NYCReview
photo credit: Alex Staniloff
Don Peppe
Included In
Don Peppe has no paper menu. Instead, there's a large board hanging on the back wall that is almost visible to the entire restaurant—almost. Not that you really need it, because the best way to eat at this South Ozone Park spot is to let your server decide.
Give them the reins and they’ll bring you just the right number of baked clams, advise you against ordering a salad, accost you for wearing a hat, and remind you that 12pm is a perfectly fine time for wine. And when your order arrives, they'll delicately place a few clams on each person’s plate, with one hand and two spoons.
photo credit: Alex Staniloff
photo credit: Alex Staniloff
photo credit: Alex Staniloff
Things have changed since Don Peppe opened in 1968—like the cost of a subway ride, which at the time was 20 cents—but the best parts of this cash-only, family-style Italian restaurant remain. The service is brusk, yet thoughtful, and the person calling to let them know they’re coming with a group of 22 in a few hours is treated with the confident nonchalance of a well-oiled machine.

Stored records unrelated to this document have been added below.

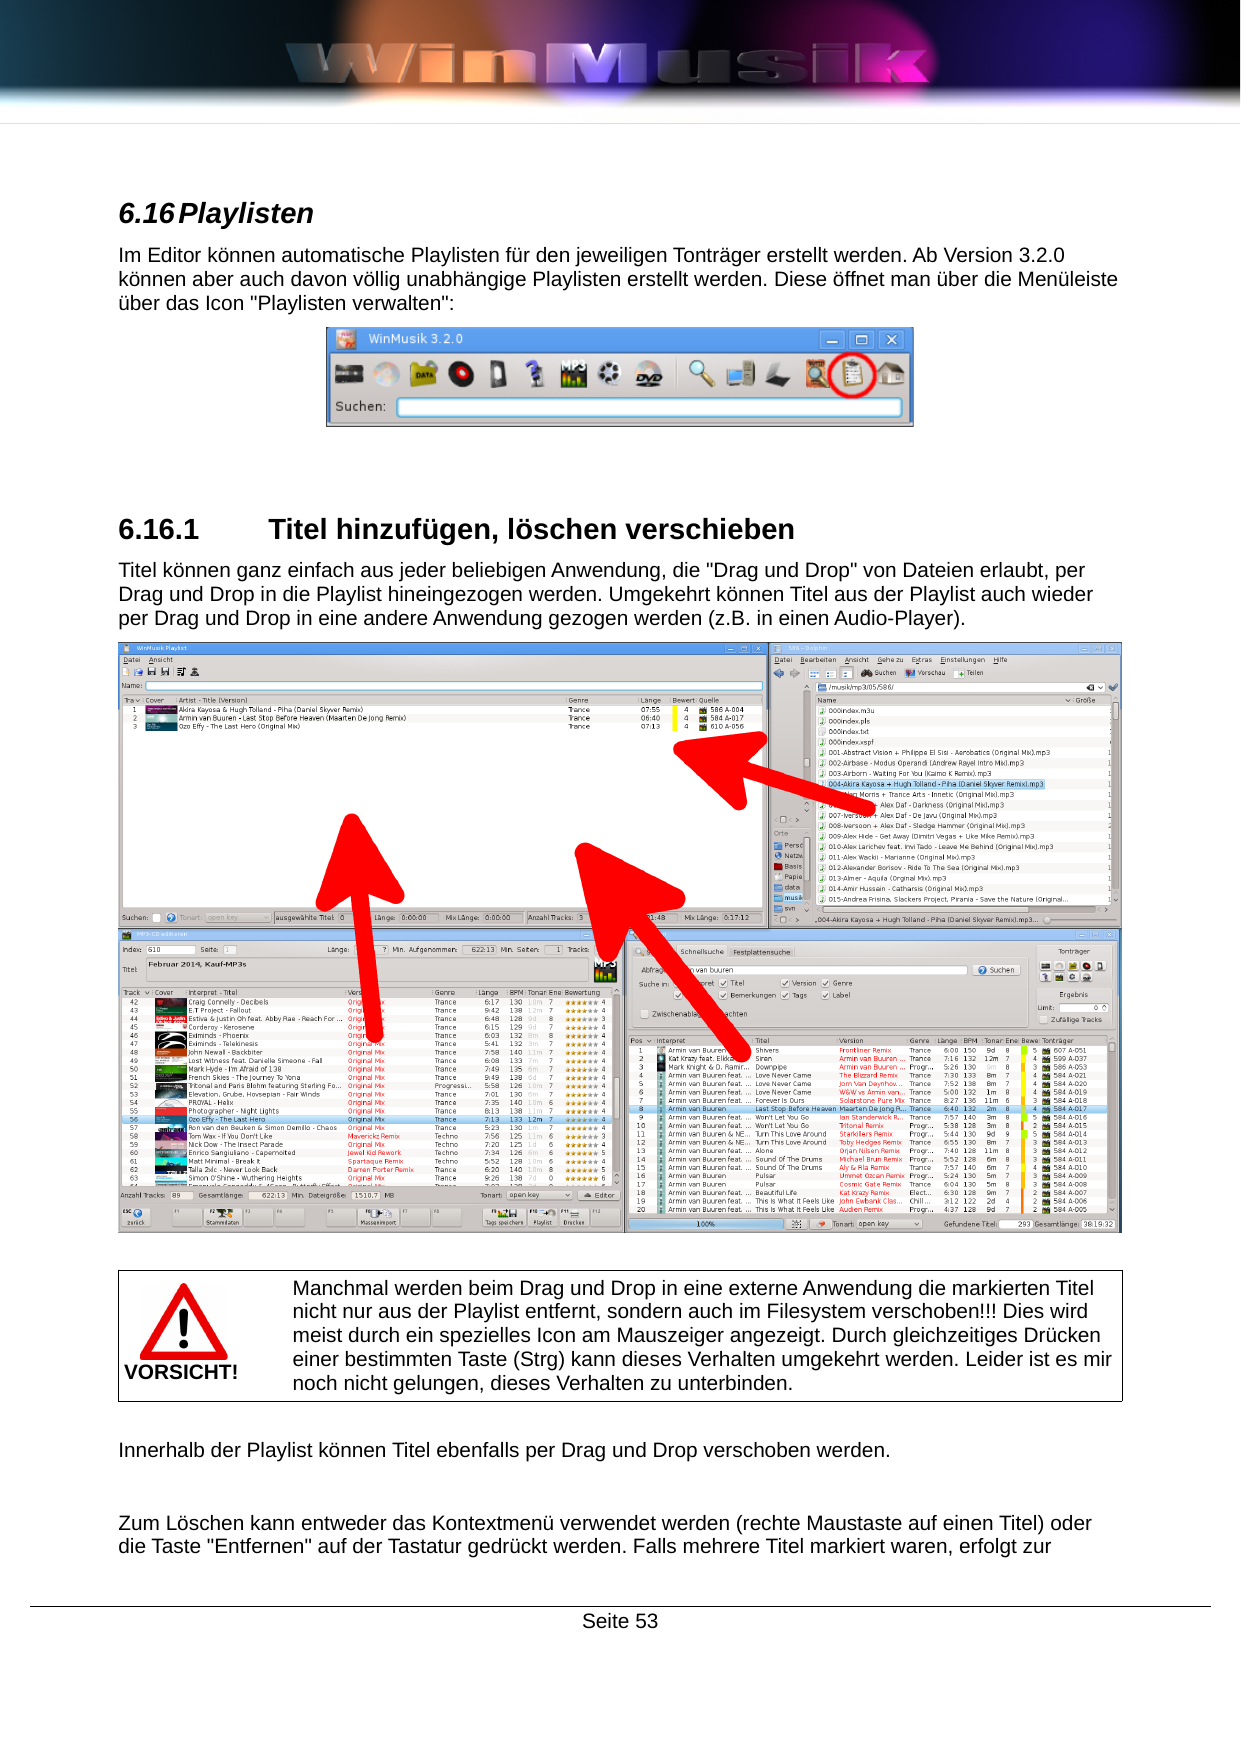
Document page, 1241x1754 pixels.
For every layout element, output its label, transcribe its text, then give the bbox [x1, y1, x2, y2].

picture [118, 642, 1122, 1233]
text Zum Löschen kann entweder das Kontextmenü verwendet werden (rechte Maustaste auf einen Titel) oder die Taste "Entfernen" auf der Tastatur gedrückt werden. Falls mehrere Titel markiert waren, erfolgt zur [118, 1510, 1122, 1558]
text Im Editor können automatische Playlisten für den jeweiligen Tonträger erstellt werden. Ab Version 3.2.0 können aber auch davon völlig unabhängige Playlisten erstellt werden. Diese öffnet man über die Menüleiste über das Icon "Playlisten verwalten": [118, 243, 1122, 314]
subtitle Playlisten [118, 197, 1122, 230]
table_header VORSICHT! [119, 1271, 287, 1401]
subtitle Titel hinzufügen, löschen verschieben [118, 512, 1122, 546]
picture [326, 327, 914, 427]
text Titel können ganz einfach aus jeder beliebigen Anwendung, die "Drag und Drop" von Dateien erlaubt, per Drag und Drop in die Playlist hineingezogen werden. Umgekehrt können Titel aus der Playlist auch wieder per Drag und Drop in eine andere Anwendung gezogen werden (z.B. in einen Audio-Player). [118, 558, 1122, 630]
text Innerhalb der Playlist können Titel ebenfalls per Drag und Drop verschoben werden. [118, 1437, 1122, 1461]
picture [140, 1283, 228, 1360]
table_header Manchmal werden beim Drag und Drop in eine externe Anwendung die markierten Titel nicht nur aus der Playlist entfernt, sondern auch im Filesystem verschoben!!! Dies wird meist durch ein spezielles Icon am Mauszeiger angezeigt. Durch gleichzeitiges Drücken einer bestimmten Taste (Strg) kann dieses Verhalten umgekehrt werden. Leider ist es mir noch nicht gelungen, dieses Verhalten zu unterbinden. [287, 1271, 1122, 1401]

To say that Don Peppe is strictly a big group restaurant, however, would be untrue. At lunch, you’ll see a few solo diners, drinking red wine and eating Shrimp Luciano pasta in a dining room covered in jockey uniforms and framed photos of horses. (This spot is about a mile from the Aqueduct Racetrack.) But Don Peppe truly shines when big platters flecked with sauce land on crowded round tables, so if it’s your first time here, come with a group. Hours later, after a long and lazy feast, you will stumble out onto the street, cash-poor and veal parm-rich, wondering just how many pounds of pasta this place goes through in a single day.
Food Rundown
photo credit: Willa Moore
Free Bread
It’s not a few slices, it's an entire, flaky loaf, cut almost all the way through so that it forms an accordion, which you can rip and dip into the butter pooling beneath your order of baked clams. Every time your basket is empty it will be refilled, so your meal will probably begin and end with bread. As it should.
photo credit: Alex Staniloff
Baked Clams
A server told us these are the best baked clams in New York City, and a busser wore a shirt that had “The Original Baked Clams” printed on the back. Don’t think too hard about what that means—because what does that mean?—but be sure to order these. They are crisped to almost black on top, and creamy and meaty underneath.
Fried Peppers
Unlike the baked clams, no breadcrumbs were harmed in the making of these peppers. Instead, they are delightfully simple—red peppers, charred, with enough garlic and olive oil to last you for a week in the privacy of your own home. So simple that you might consider skipping this. Don’t do that.
photo credit: Alex Staniloff
Shrimp Luciano
You won’t find this dish on many Italian menus in the city, and that’s reason enough to come here. Get it over pasta, and pounds of al dente noodles will arrive at your table covered in tender shrimp, in a pool of garlic-butter sauce that’s slightly pink from tomatoes, and slightly sweet from caramelized onions.
photo credit: Willa Moore
Veal Don Pep
This breaded veal dish named after the restaurant itself is—sadly—the one dish we truly could not get behind at Don Peppe. The veal is pounded thinly and well-seasoned, but the mound of bruschetta-like raw tomatoes and red onions on top made the veal a cold and soggy end to our feast. Opt for veal parm, or just end with the shrimp Luciano. You’ll be full enough anyway.